Diane Fox, PSSRU, University of Kent
Caroline Potter, Nuffield Department of Population Health, University of Oxford
Ray Fitzpatrick, Nuffield Department of Population Health, University of Oxford
Julien Forder, PSSRU, University of Kent
Karen Jones, PSSRU, University of Kent
Michele Peters, Nuffield Department of Population Health, University of Oxford

Abstract

Objectives: The aim was to evaluate the structural validity of the 20-item Long-Term Conditions Questionnaire (LTCQ-20) and to form a short scale using Rasch analysis.

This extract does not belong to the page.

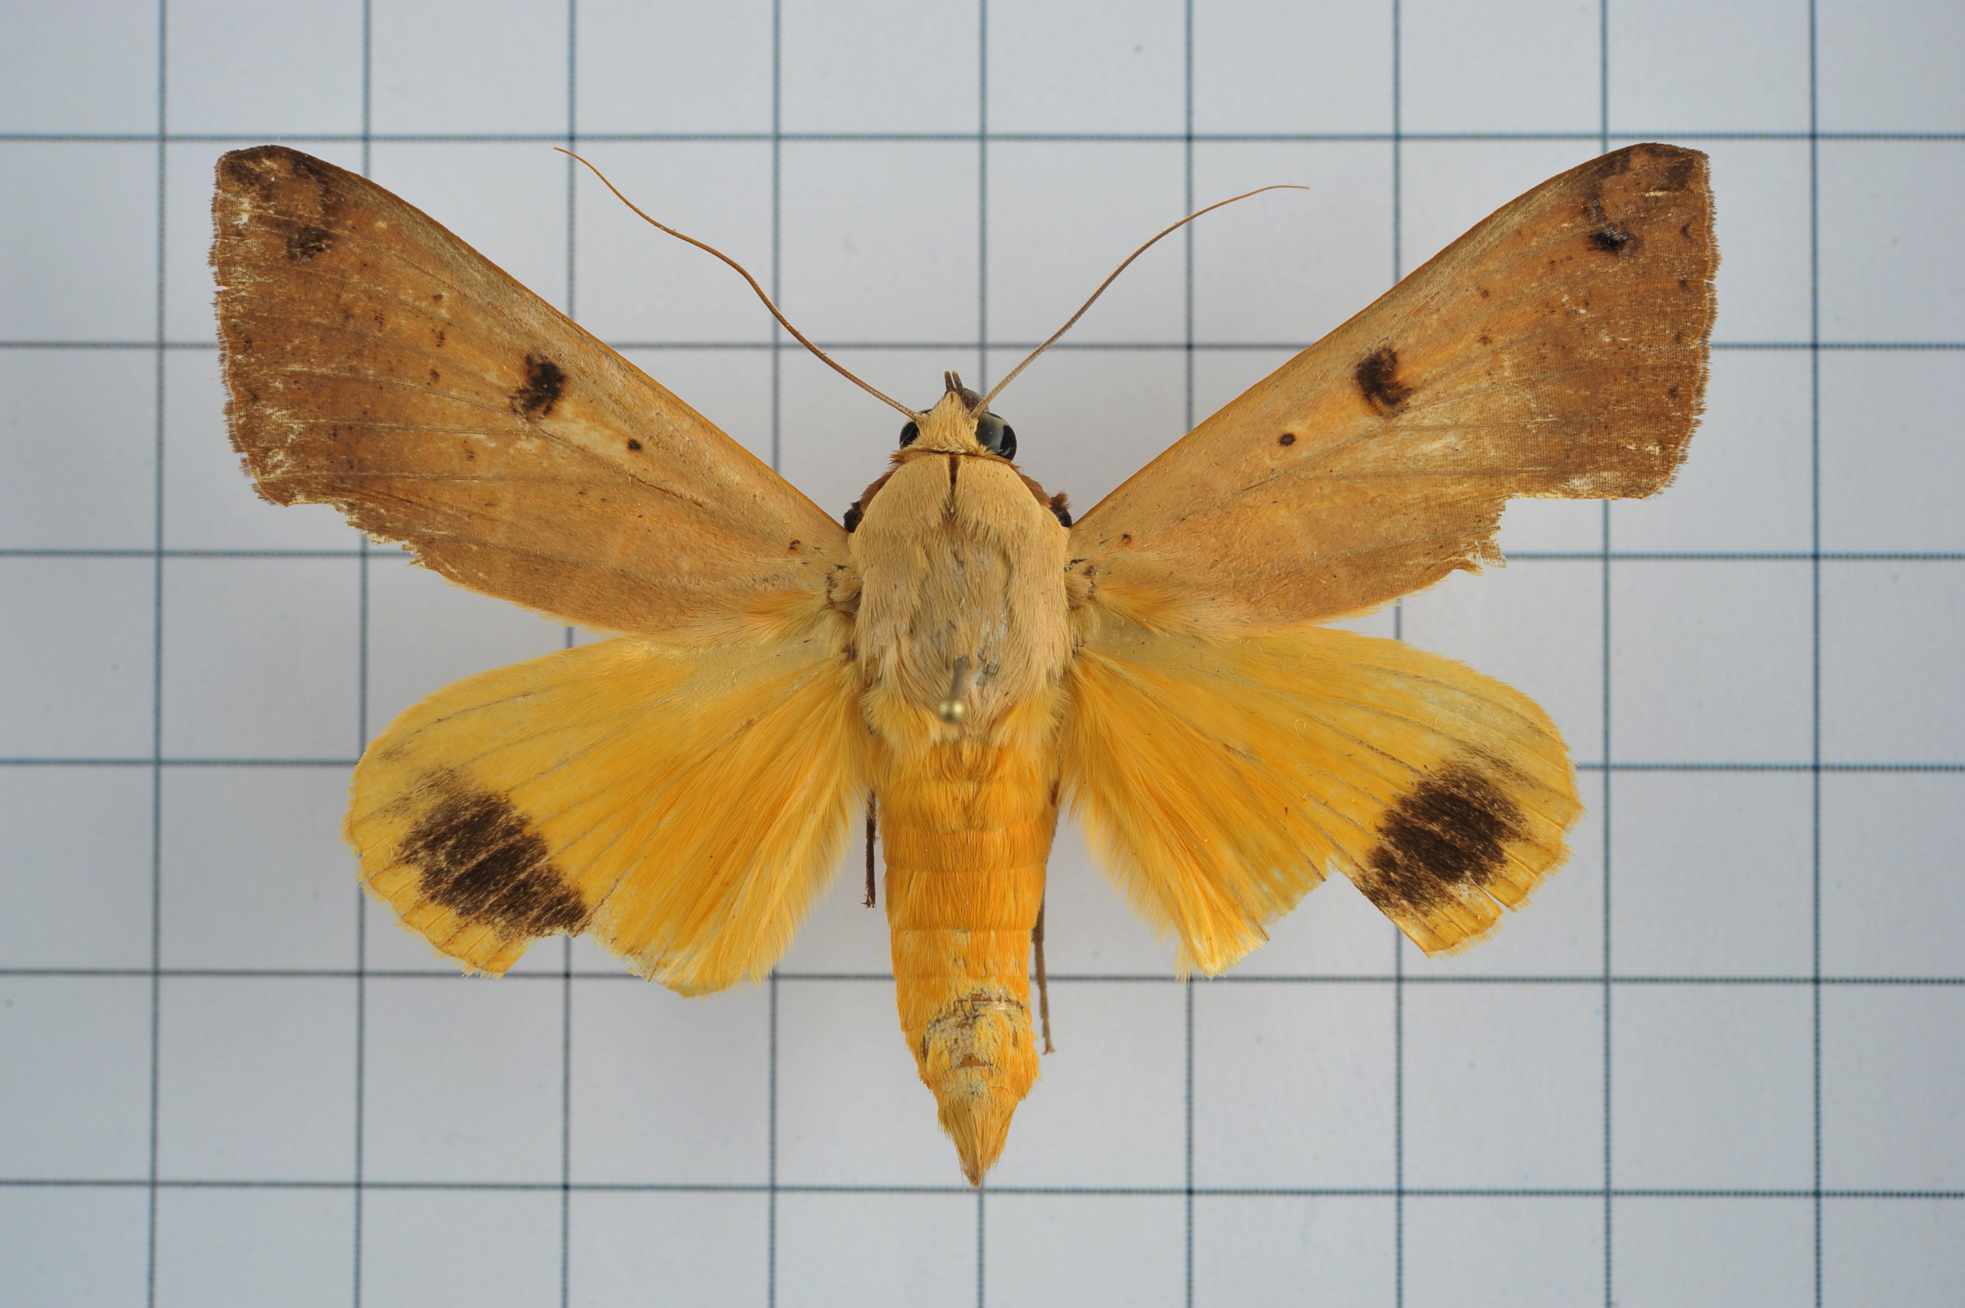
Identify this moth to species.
Ophiusa disjungens indiscriminata
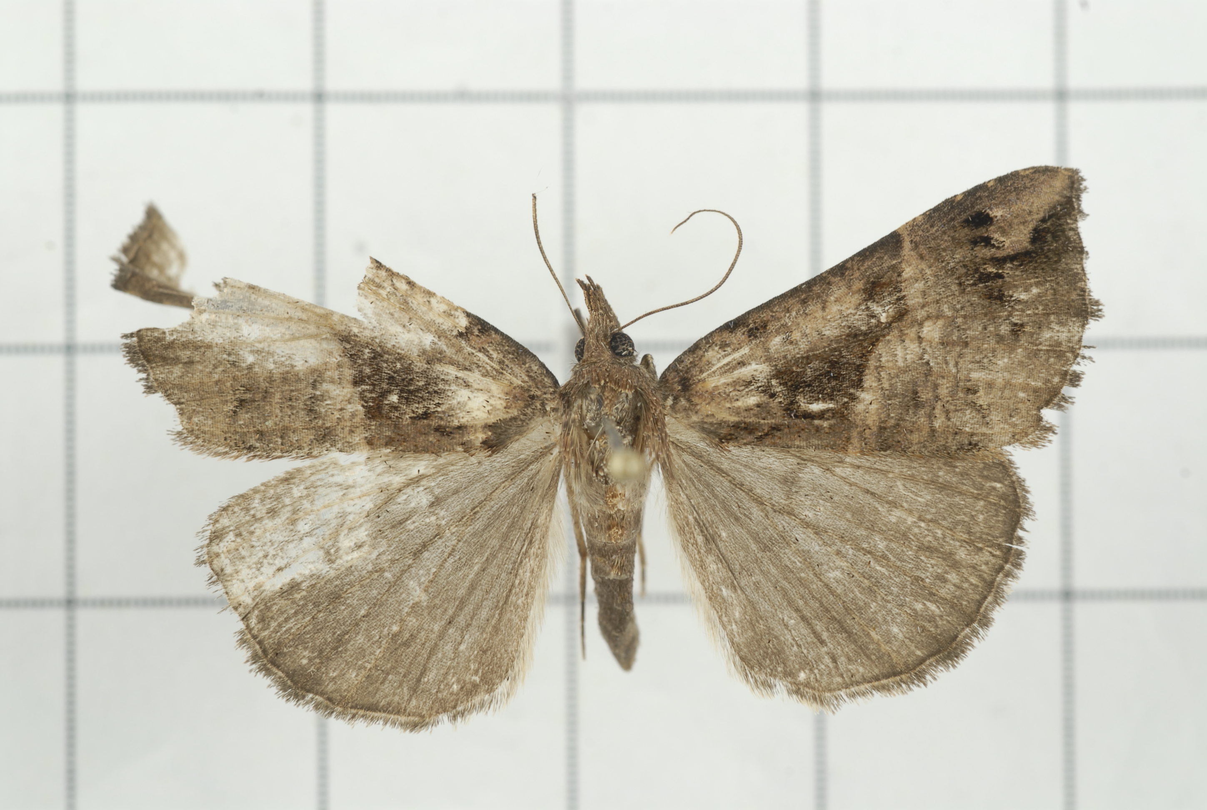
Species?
Hypena tenebralis
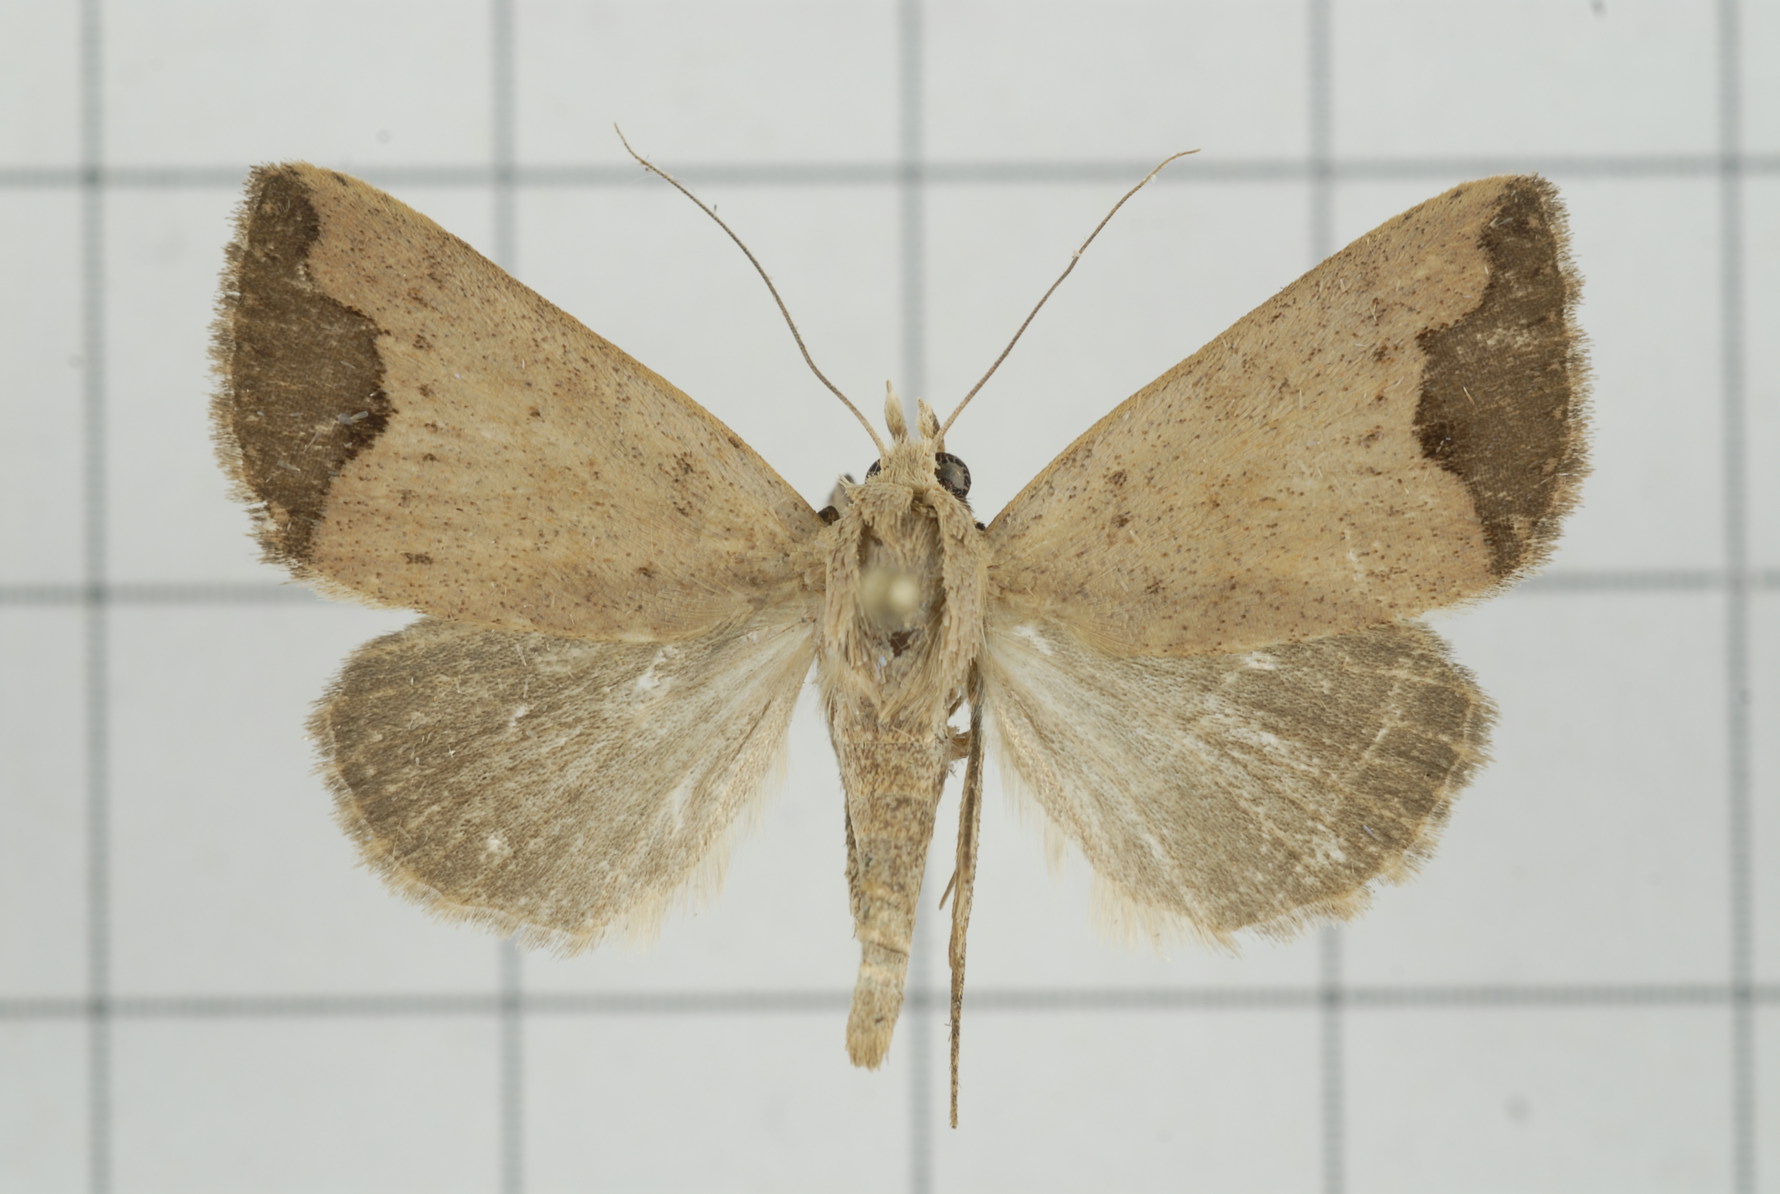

Methods: Data were collected from a sample of 1,211 participants with LTCs. Identified participants were invited on the basis of having at least one LTC through either local authorities for a social care cohort (N=294) or primary care practices for a health care cohort (N=917). Participants were mailed survey 1, including the LTCQ, demographic questions, a comorbidities measure, and some validated outcome measures. Respondents were invited to complete a follow-up survey including the LTCQ for assessment of reproducibility. WINSTEPS 3.92.0 software was used for Rasch analysis.
Results: The main assumptions of the Rasch model from the LTCQ-20 were fulfilled, although infit and outfit indices indicated some items showed slight misfit. Misfitted items, items that did not have a preceding set or showed local dependence were removed after iterative analyses, and the LTCQ-8 was formed. The Rasch model for the LTCQ-8 explained 64% variance and a reliability estimate greater than 0.80. Several items in the LTCQ-20 showed differential item function in relation to the number of reported LTCs, age and cohort, but there were fewer in the LTCQ-8. The LTCQ-8 showed excellent test-retest reliability (ICC = 0.92, 95% CI). Spearman’s rho correlations between the LTCQ-20 and the LTCQ-8 were strong across the total sample and various subgroups. Correlations between the LTCQ-8 and all reference measures were moderate to strong, and comparable to correlations found between the LTCQ-20 and these measures.

Conclusion: The LTCQ-20 measures a unidimensional construct, and it is therefore acceptable to use a summed total score. The LTCQ-8 also met the assumption of unidimensionality and had comparable test re-test reliability and construct validity with the LTCQ-20. Additional validation is required in an independent sample.